After the surface of the liquid material 20 has reached the upper edge 16 of the second hole and the second hole 3 has been entirely filled with the liquid material 20, the plunger 8 is moved forwards to prepare the dischargeable state. When an operation of descending the plunger 8 is started from the state where the filling of the liquid material has been completed as illustrated in Fig. 4(a), the plunger 8 is gradually descended within the first hole 2 while pushing air 23 remaining under the fore end of the plunger (Fig. 4(b)). At that time, the remaining air 23 is pushed away corresponding to a volume that is displaced by the plunger 8 moving forwards. However, because the second hole 3 is formed in a smaller diameter than the first hole 2, the remaining air 23 is directed downwards toward the first hole 2 where resistance is relatively small. When the plunger 8 is further descended and passes almost the second hole 3, the remaining air 23 present under the fore end of the plunger 8 is caused to shift into a space 24 that is surrounded by the inner surface of the first hole and the outer surface of the plunger, while an amount of the remaining air 23 present under the fore end of the plunger 8 is reduced (Fig. 4(c)). With the further descent of the plunger 8, the fore end of the plunger 8 comes into contact with the liquid surface when the space 24 surrounded by the inner surface of the first hole and the outer surface of the plunger is gradually increased and becomes substantially equal to the volume of the space b 18. On that occasion, because the volume of the space c 19 is greater than that of the space b 18, a position at which the fore end of the plunger 8 contacts with the liquid surface is always present short of a position at which the plunger 8 reaches the first sealing member 4. Thereafter, the plunger 8 comes into the liquid material 20 and reaches the first sealing member 4 (Fig. 4(d)). This establishes a state where the liquid material in the metering section 6 can be discharged by moving the plunger 8 forwards.

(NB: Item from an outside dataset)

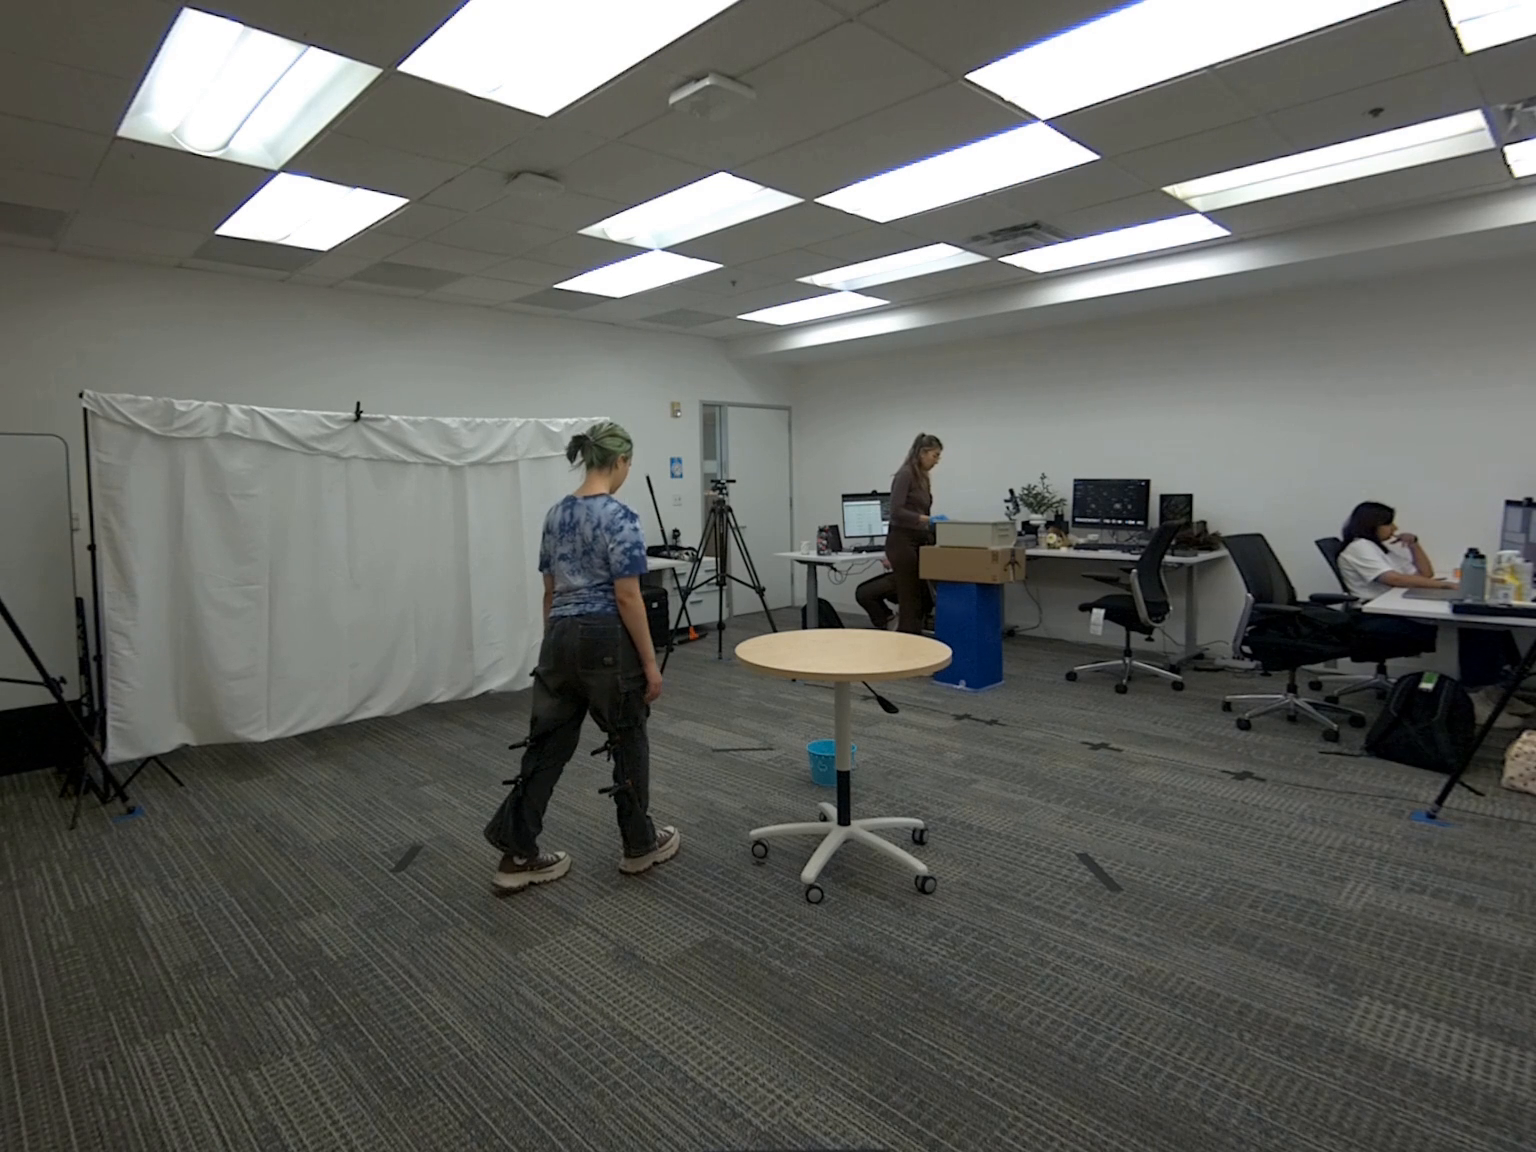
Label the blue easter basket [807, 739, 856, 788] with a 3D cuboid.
[{"bbox_3d":[0.300,0.868,3.969,0.243,0.155,0.245,-1,6,-2],"label":"blue easter basket"}]

Thus, according to the present invention, since a horizontal sectional area (diameter) of the first hole 2 is set greater than a horizontal sectional area (diameter) of the plunger 8 and the space c 19 is formed to be greater than the space b 18, the remaining air 23 can be caused to shift into the space around the plunger 8 before the plunger reaches the first sealing member 4, whereby the remaining air 23 can be prevented from entering the metering section 6. Further, there is no risk of generation of air bubbles due to a pressure reduction inside the metering hole 61 unlike the known device.

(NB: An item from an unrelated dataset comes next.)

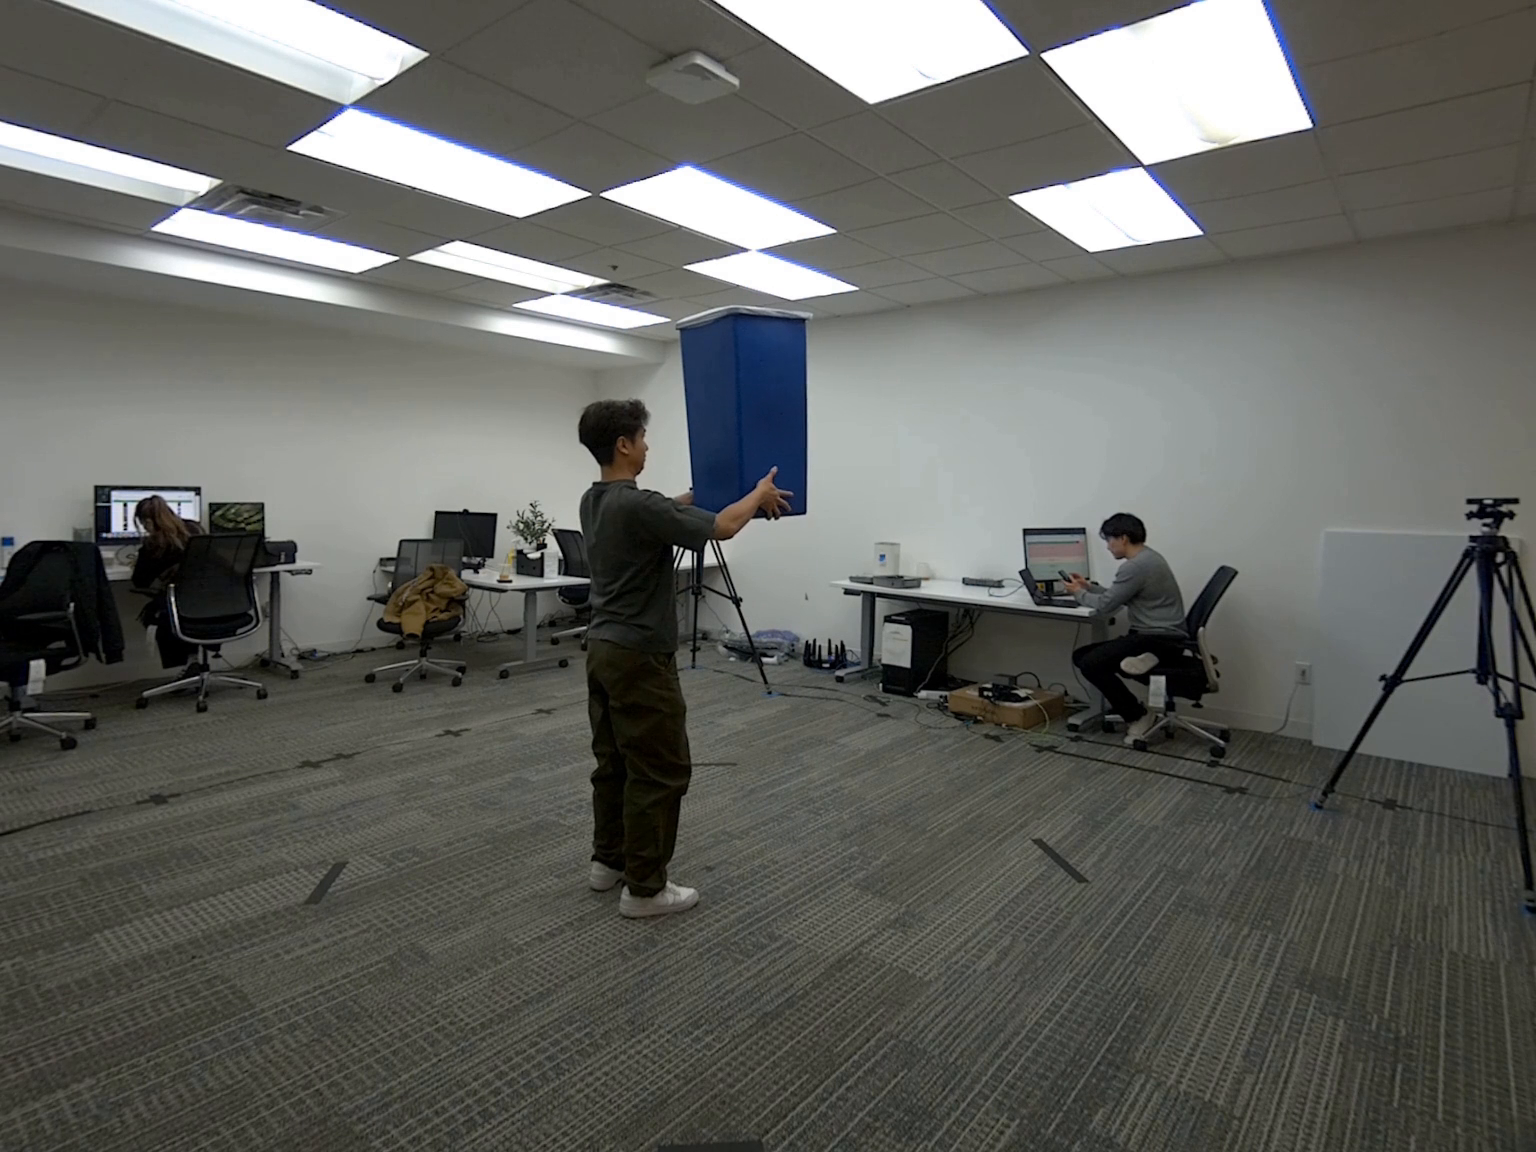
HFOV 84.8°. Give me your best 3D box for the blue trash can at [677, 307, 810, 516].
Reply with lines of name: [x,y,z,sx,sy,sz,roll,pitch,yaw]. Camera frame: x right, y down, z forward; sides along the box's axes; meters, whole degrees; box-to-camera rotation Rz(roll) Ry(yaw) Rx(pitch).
blue trash can: [-0.095,-0.582,3.080,0.368,0.710,0.386,-6,7,-39]

Moreover, since the operation of the plunger 8 is just a simple reciprocal operation, it can be easily automated. In this connection, an initial descent speed of the plunger 8 (i.e., a speed until the plunger reaches the first sealing member 4) is preferably lower than a descent speed during discharge (i.e., a descent speed of the plunger within the metering hole 61). This is because, if the initial descent speed is too fast, there is a risk that the liquid surface may be uselessly waved and air bubbles may be entrained with the fore end of the plunger 8. In a practical example, when the plunger descent speed during discharge is about 10 to 24 mm/s, the initial descent speed is about 1 to 5 mm/s.

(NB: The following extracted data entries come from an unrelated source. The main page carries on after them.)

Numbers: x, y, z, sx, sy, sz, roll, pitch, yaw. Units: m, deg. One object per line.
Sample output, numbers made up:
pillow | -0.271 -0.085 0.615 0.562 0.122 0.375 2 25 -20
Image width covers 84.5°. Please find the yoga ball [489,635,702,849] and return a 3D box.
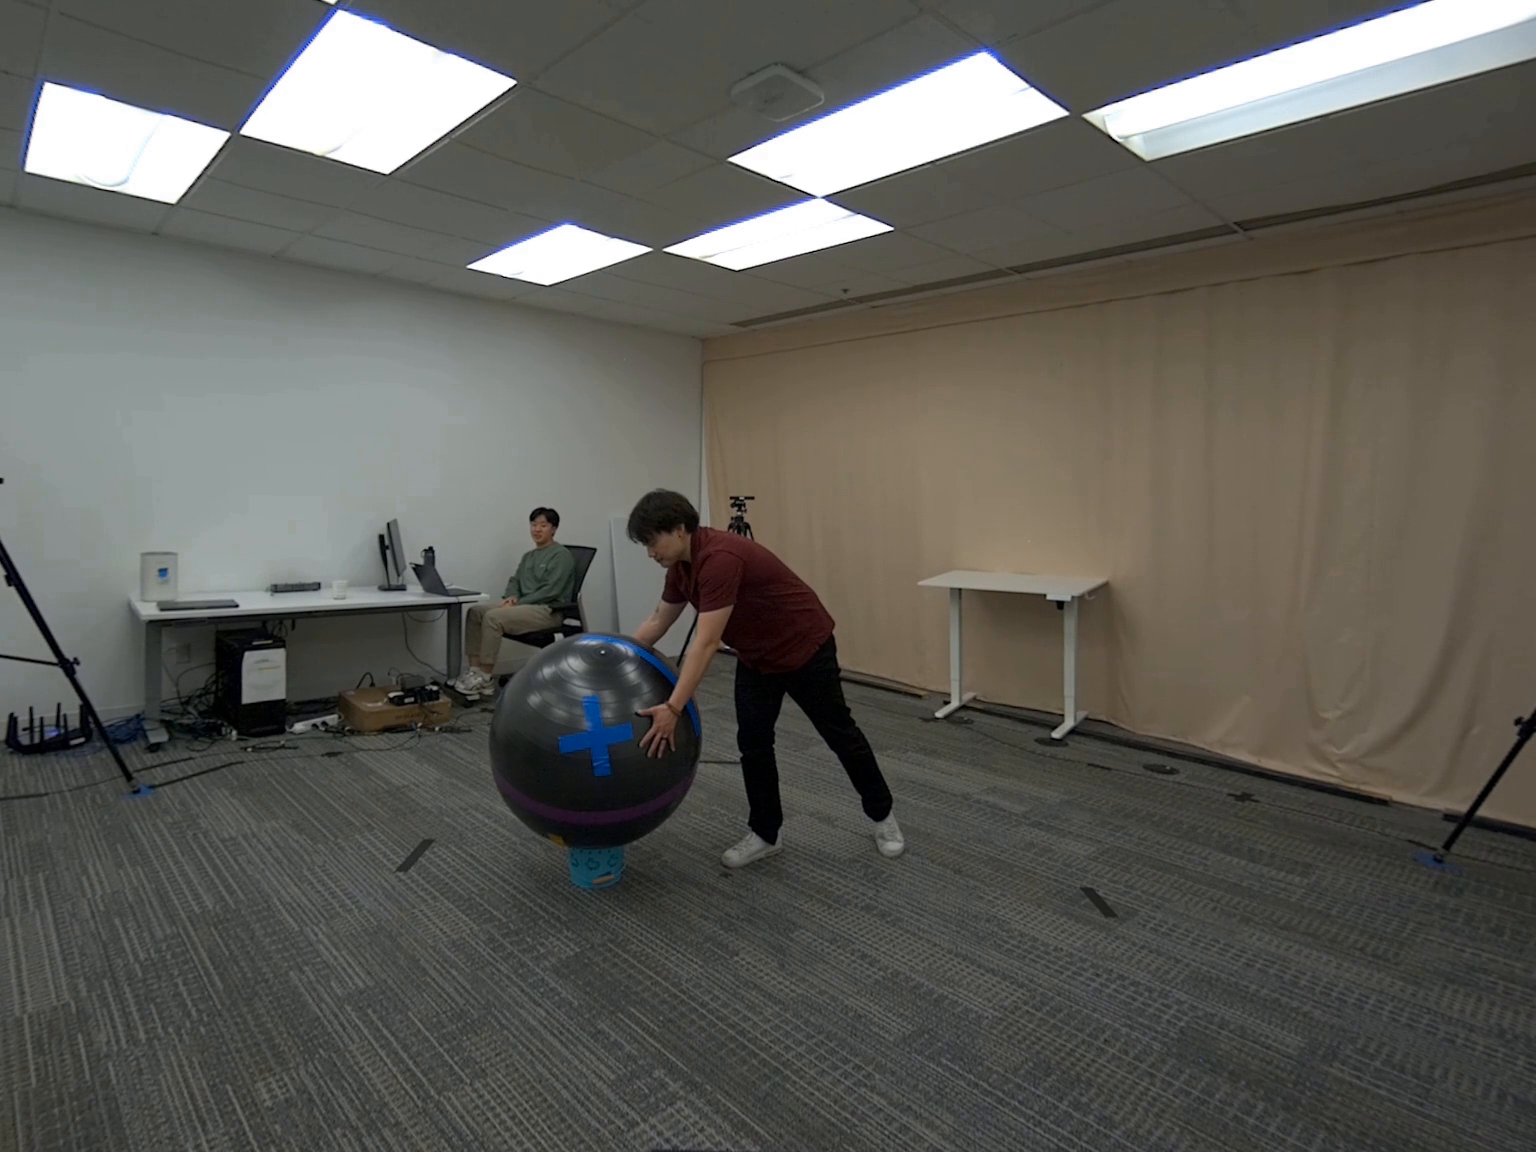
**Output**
yoga ball | -0.618 0.592 3.031 0.757 0.756 0.761 1 4 -1

The above-described liquid material supply step may be modified such that the plunger initial descent step is started without stopping the compression transport of the liquid material at the end of the liquid material supply step. The reason is that the compression transport generates a flow toward the first hole 2 from the metering hole 61 (i.e., an upward flow) and acts to purge air bubbles which are going to enter the metering hole 61, thus increasing the effect of preventing the ingress of the air bubbles.
The above-described air bubble ingress prevention mechanism according to the present invention requires no additional equipment, such as a vacuum suction device. Further, since the discharge operation including the air bubble ingress prevention method can be automated, it is possible to eliminate variations in the filled state of the liquid material depending on operators.
Details of the present invention will be described in connection with Example, but the present invention is in no way restricted by the following Examples.

Example 1

[Discharge Device]

Figs. 5 and 6 illustrate a discharge device including the air bubble ingress prevention mechanism according to Example 1. Fig. 5(a) is a front view of the discharge device, and Fig. 5(b) is a side view thereof. Also, Fig. 6 is a sectional view of principal part including the air bubble ingress prevention mechanism and a discharge mechanism. In Fig. 6, hatched areas represent sectioned surfaces.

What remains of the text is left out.